Instructions to follow: When you repeat the entries, reproduce each line exactly and omit every picture.

[Collected data entries]
+---+

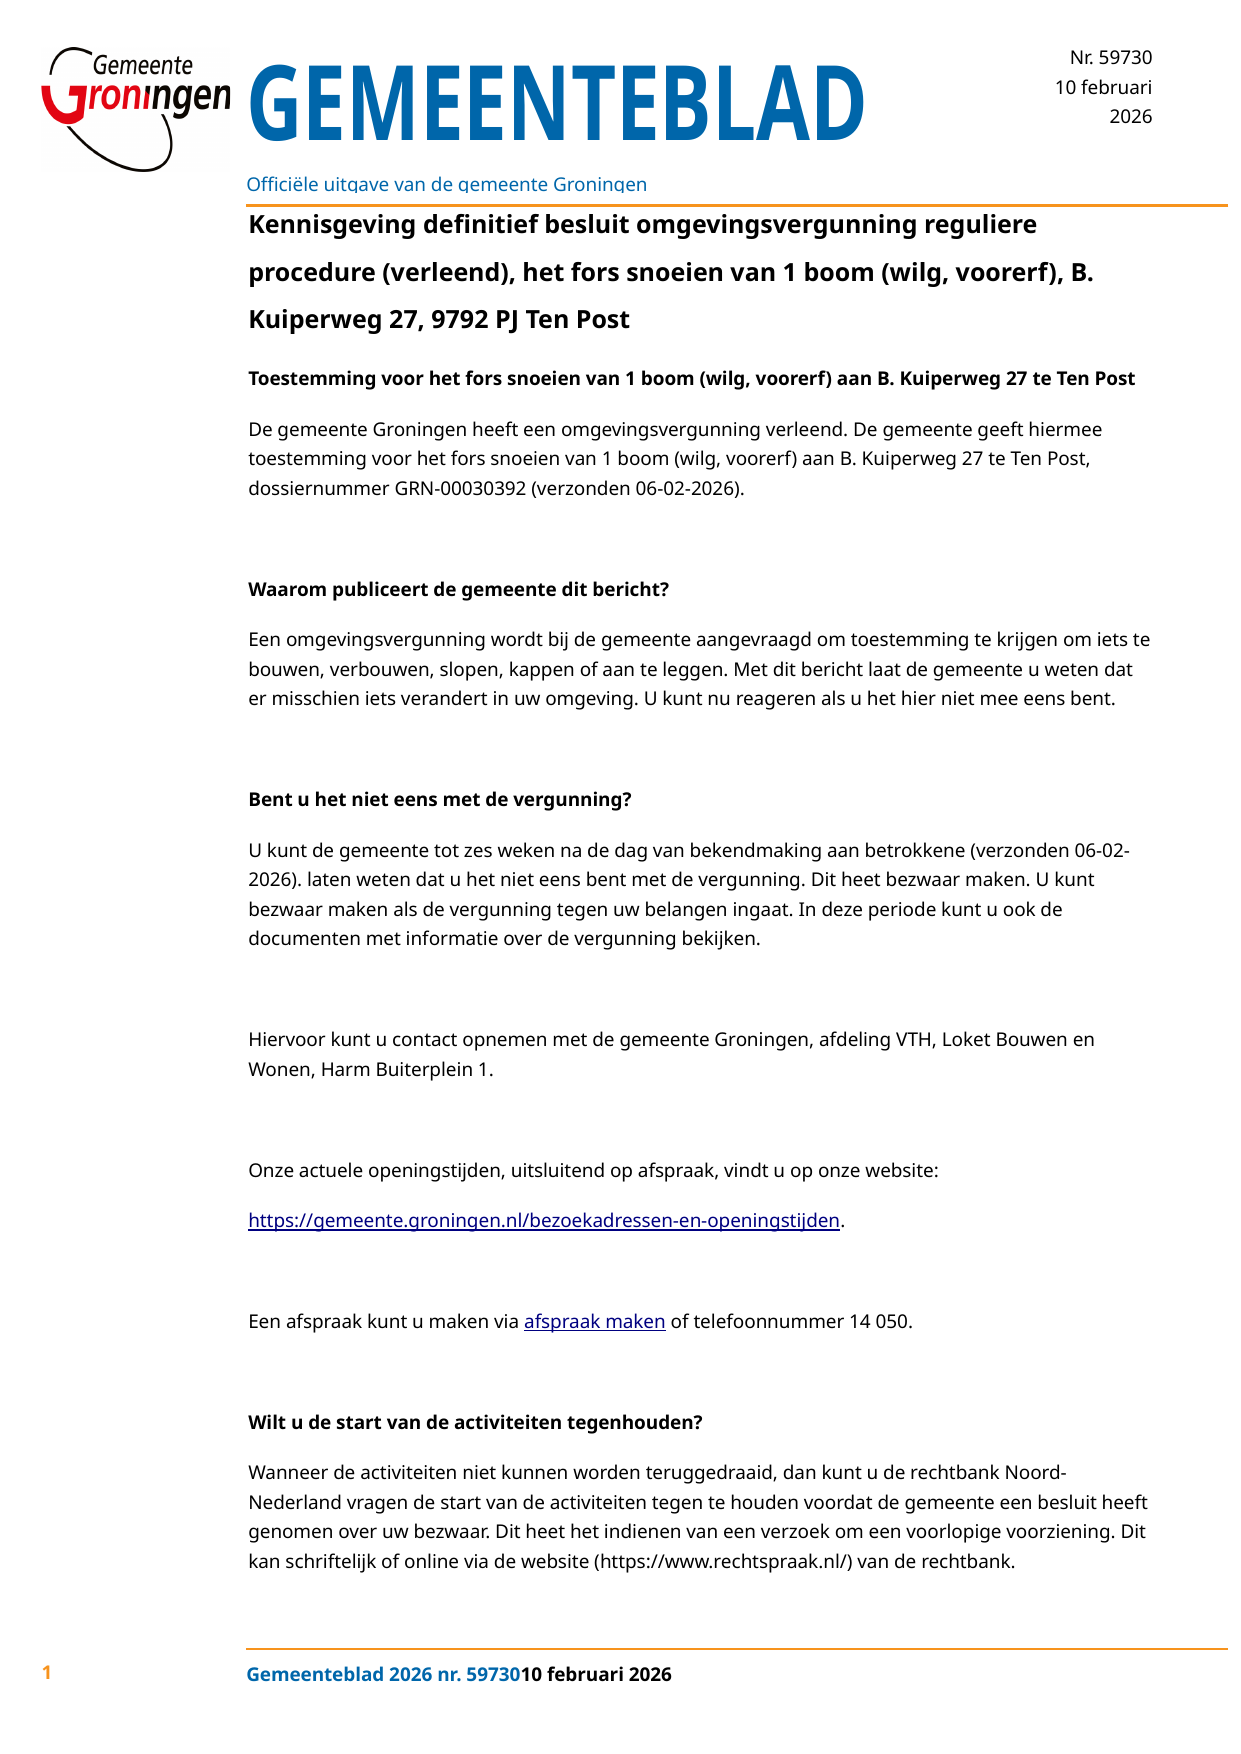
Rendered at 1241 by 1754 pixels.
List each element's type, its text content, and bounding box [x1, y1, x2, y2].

text Bent u het niet eens met de vergunning? [248, 786, 1152, 812]
text U kunt de gemeente tot zes weken na de dag van bekendmaking aan betrokkene (verzonden 06-02-2026). laten weten dat u het niet eens bent met de vergunning. Dit heet bezwaar maken. U kunt bezwaar maken als de vergunning tegen uw belangen ingaat. In deze periode kunt u ook de documenten met informatie over de vergunning bekijken. [248, 837, 1152, 951]
text Een afspraak kunt u maken via afspraak maken of telefoonnummer 14 050. [248, 1308, 1152, 1334]
text De gemeente Groningen heeft een omgevingsvergunning verleend. De gemeente geeft hiermee toestemming voor het fors snoeien van 1 boom (wilg, voorerf) aan B. Kuiperweg 27 te Ten Post, dossiernummer GRN-00030392 (verzonden 06-02-2026). [248, 416, 1152, 501]
text Wilt u de start van de activiteiten tegenhouden? [248, 1409, 1152, 1434]
text Een omgevingsvergunning wordt bij de gemeente aangevraagd om toestemming te krijgen om iets te bouwen, verbouwen, slopen, kappen of aan te leggen. Met dit bericht laat de gemeente u weten dat er misschien iets verandert in uw omgeving. U kunt nu reageren als u het hier niet mee eens bent. [248, 626, 1152, 711]
text https://gemeente.groningen.nl/bezoekadressen-en-openingstijden. [248, 1207, 1152, 1233]
text Toestemming voor het fors snoeien van 1 boom (wilg, voorerf) aan B. Kuiperweg 27 te Ten Post [248, 366, 1152, 391]
text Hiervoor kunt u contact opnemen met de gemeente Groningen, afdeling VTH, Loket Bouwen en Wonen, Harm Buiterplein 1. [248, 1026, 1152, 1082]
text Wanneer de activiteiten niet kunnen worden teruggedraaid, dan kunt u de rechtbank Noord-Nederland vragen de start van de activiteiten tegen te houden voordat de gemeente een besluit heeft genomen over uw bezwaar. Dit heet het indienen van een verzoek om een voorlopige voorziening. Dit kan schriftelijk of online via de website (https://www.rechtspraak.nl/) van de rechtbank. [248, 1459, 1152, 1574]
text Onze actuele openingstijden, uitsluitend op afspraak, vindt u op onze website: [248, 1157, 1152, 1182]
picture [41, 47, 231, 172]
text Waarom publiceert de gemeente dit bericht? [248, 576, 1152, 602]
text Kennisgeving definitief besluit omgevingsvergunning reguliere procedure (verleend), het fors snoeien van 1 boom (wilg, voorerf), B. Kuiperweg 27, 9792 PJ Ten Post [248, 207, 1152, 336]
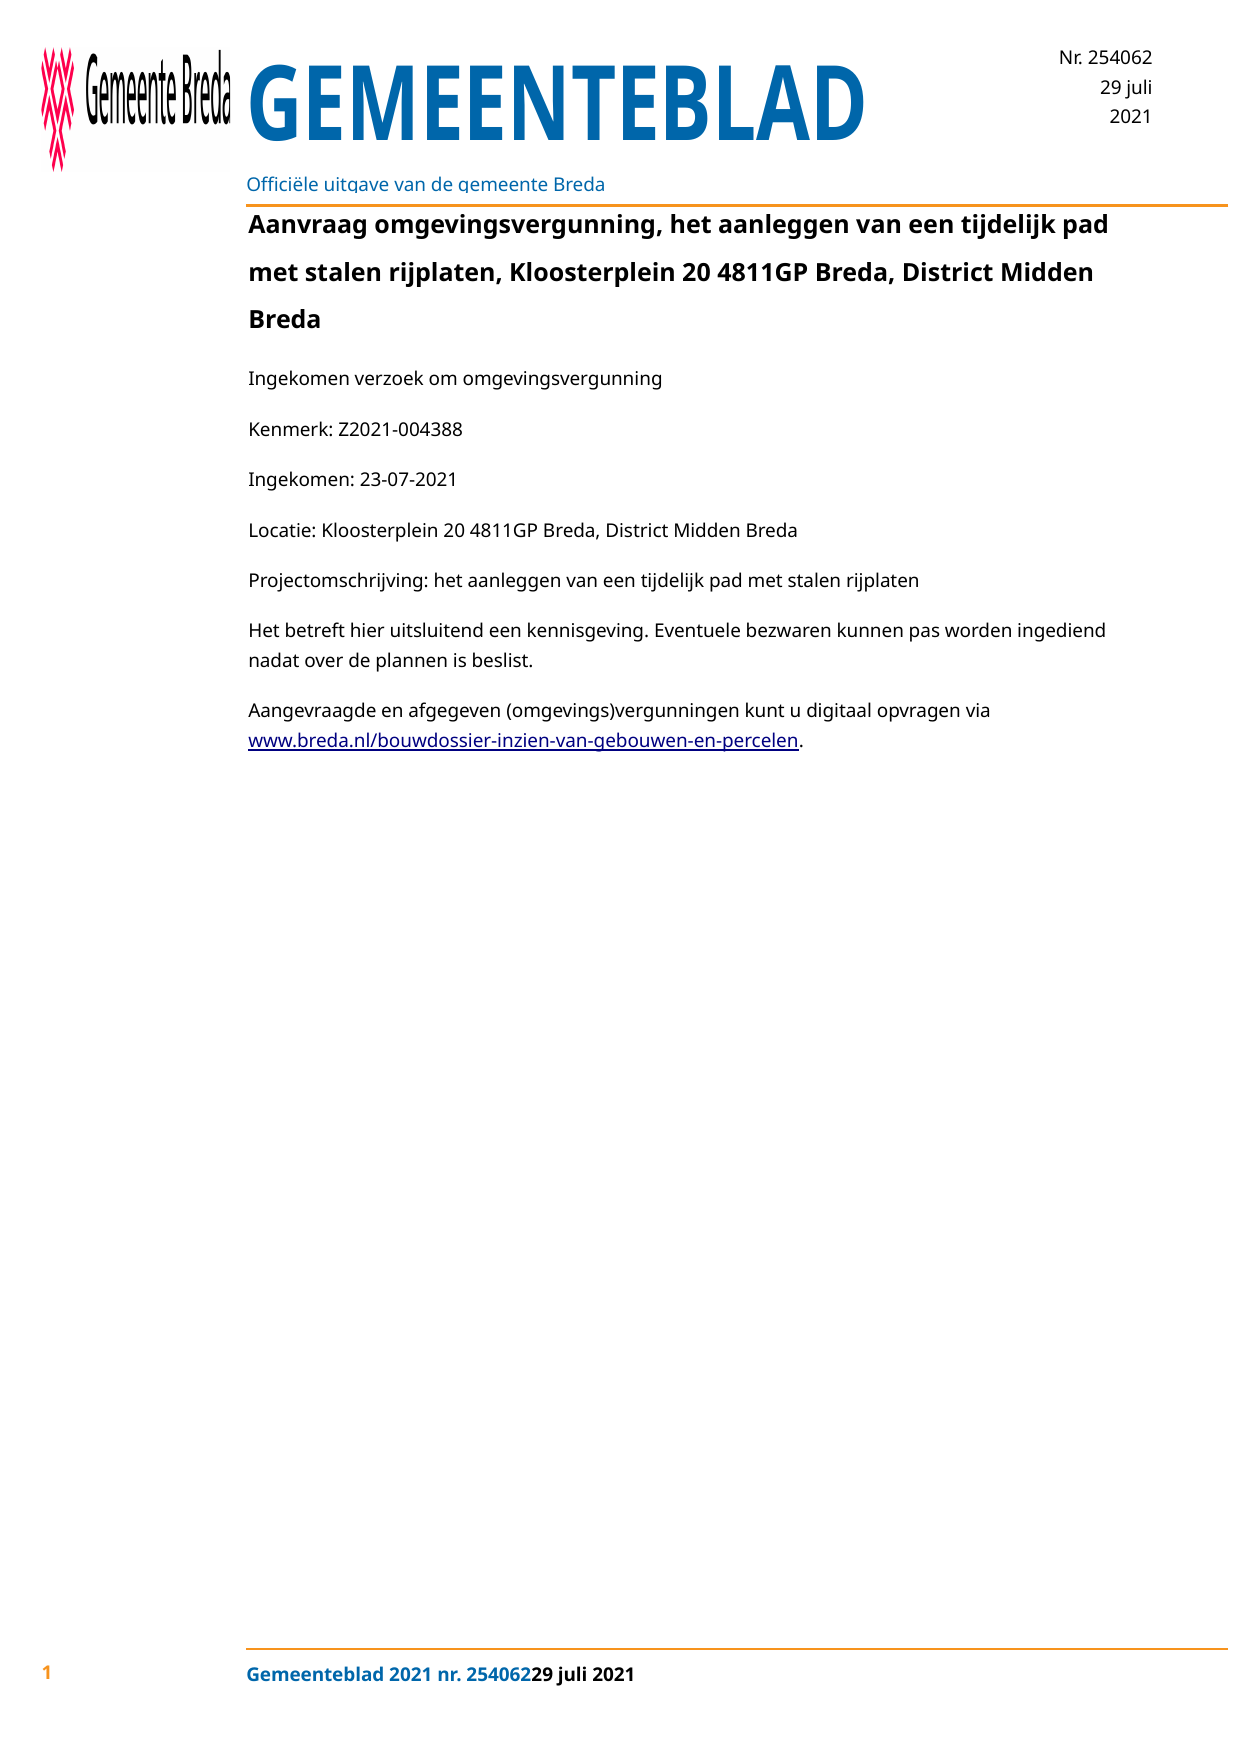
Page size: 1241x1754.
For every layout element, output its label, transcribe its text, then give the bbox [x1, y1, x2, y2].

text Ingekomen verzoek om omgevingsvergunning [248, 366, 1152, 391]
text Aangevraagde en afgegeven (omgevings)vergunningen kunt u digitaal opvragen via www.breda.nl/bouwdossier-inzien-van-gebouwen-en-percelen. [248, 698, 1152, 753]
text Ingekomen: 23-07-2021 [248, 466, 1152, 492]
text Kenmerk: Z2021-004388 [248, 416, 1152, 442]
text Het betreft hier uitsluitend een kennisgeving. Eventuele bezwaren kunnen pas worden ingediend nadat over de plannen is beslist. [248, 618, 1152, 673]
text Locatie: Kloosterplein 20 4811GP Breda, District Midden Breda [248, 517, 1152, 542]
picture [41, 47, 231, 172]
text Projectomschrijving: het aanleggen van een tijdelijk pad met stalen rijplaten [248, 567, 1152, 593]
text Aanvraag omgevingsvergunning, het aanleggen van een tijdelijk pad met stalen rijplaten, Kloosterplein 20 4811GP Breda, District Midden Breda [248, 207, 1152, 336]

+---+

Exercise solution:
Rendered at 1241 by 1754 pixels.
List each element's type, its text content, and bounding box [x1, y1, x2, y2].

text Bent u het niet eens met de vergunning? [248, 786, 1152, 812]
text U kunt de gemeente tot zes weken na de dag van bekendmaking aan betrokkene (verzonden 06-02-2026). laten weten dat u het niet eens bent met de vergunning. Dit heet bezwaar maken. U kunt bezwaar maken als de vergunning tegen uw belangen ingaat. In deze periode kunt u ook de documenten met informatie over de vergunning bekijken. [248, 837, 1152, 951]
text Een afspraak kunt u maken via afspraak maken of telefoonnummer 14 050. [248, 1308, 1152, 1334]
text De gemeente Groningen heeft een omgevingsvergunning verleend. De gemeente geeft hiermee toestemming voor het fors snoeien van 1 boom (wilg, voorerf) aan B. Kuiperweg 27 te Ten Post, dossiernummer GRN-00030392 (verzonden 06-02-2026). [248, 416, 1152, 501]
text Wilt u de start van de activiteiten tegenhouden? [248, 1409, 1152, 1434]
text Een omgevingsvergunning wordt bij de gemeente aangevraagd om toestemming te krijgen om iets te bouwen, verbouwen, slopen, kappen of aan te leggen. Met dit bericht laat de gemeente u weten dat er misschien iets verandert in uw omgeving. U kunt nu reageren als u het hier niet mee eens bent. [248, 626, 1152, 711]
text https://gemeente.groningen.nl/bezoekadressen-en-openingstijden. [248, 1207, 1152, 1233]
text Toestemming voor het fors snoeien van 1 boom (wilg, voorerf) aan B. Kuiperweg 27 te Ten Post [248, 366, 1152, 391]
text Hiervoor kunt u contact opnemen met de gemeente Groningen, afdeling VTH, Loket Bouwen en Wonen, Harm Buiterplein 1. [248, 1026, 1152, 1082]
text Wanneer de activiteiten niet kunnen worden teruggedraaid, dan kunt u de rechtbank Noord-Nederland vragen de start van de activiteiten tegen te houden voordat de gemeente een besluit heeft genomen over uw bezwaar. Dit heet het indienen van een verzoek om een voorlopige voorziening. Dit kan schriftelijk of online via de website (https://www.rechtspraak.nl/) van de rechtbank. [248, 1459, 1152, 1574]
text Onze actuele openingstijden, uitsluitend op afspraak, vindt u op onze website: [248, 1157, 1152, 1182]
picture [41, 47, 231, 172]
text Waarom publiceert de gemeente dit bericht? [248, 576, 1152, 602]
text Kennisgeving definitief besluit omgevingsvergunning reguliere procedure (verleend), het fors snoeien van 1 boom (wilg, voorerf), B. Kuiperweg 27, 9792 PJ Ten Post [248, 207, 1152, 336]
Page size: 1241x1754.
For every layout element, output its label, transcribe its text, then give the bbox [x1, y1, x2, y2].

text Ingekomen verzoek om omgevingsvergunning [248, 366, 1152, 391]
text Aangevraagde en afgegeven (omgevings)vergunningen kunt u digitaal opvragen via www.breda.nl/bouwdossier-inzien-van-gebouwen-en-percelen. [248, 698, 1152, 753]
text Ingekomen: 23-07-2021 [248, 466, 1152, 492]
text Kenmerk: Z2021-004388 [248, 416, 1152, 442]
text Het betreft hier uitsluitend een kennisgeving. Eventuele bezwaren kunnen pas worden ingediend nadat over de plannen is beslist. [248, 618, 1152, 673]
text Locatie: Kloosterplein 20 4811GP Breda, District Midden Breda [248, 517, 1152, 542]
picture [41, 47, 231, 172]
text Projectomschrijving: het aanleggen van een tijdelijk pad met stalen rijplaten [248, 567, 1152, 593]
text Aanvraag omgevingsvergunning, het aanleggen van een tijdelijk pad met stalen rijplaten, Kloosterplein 20 4811GP Breda, District Midden Breda [248, 207, 1152, 336]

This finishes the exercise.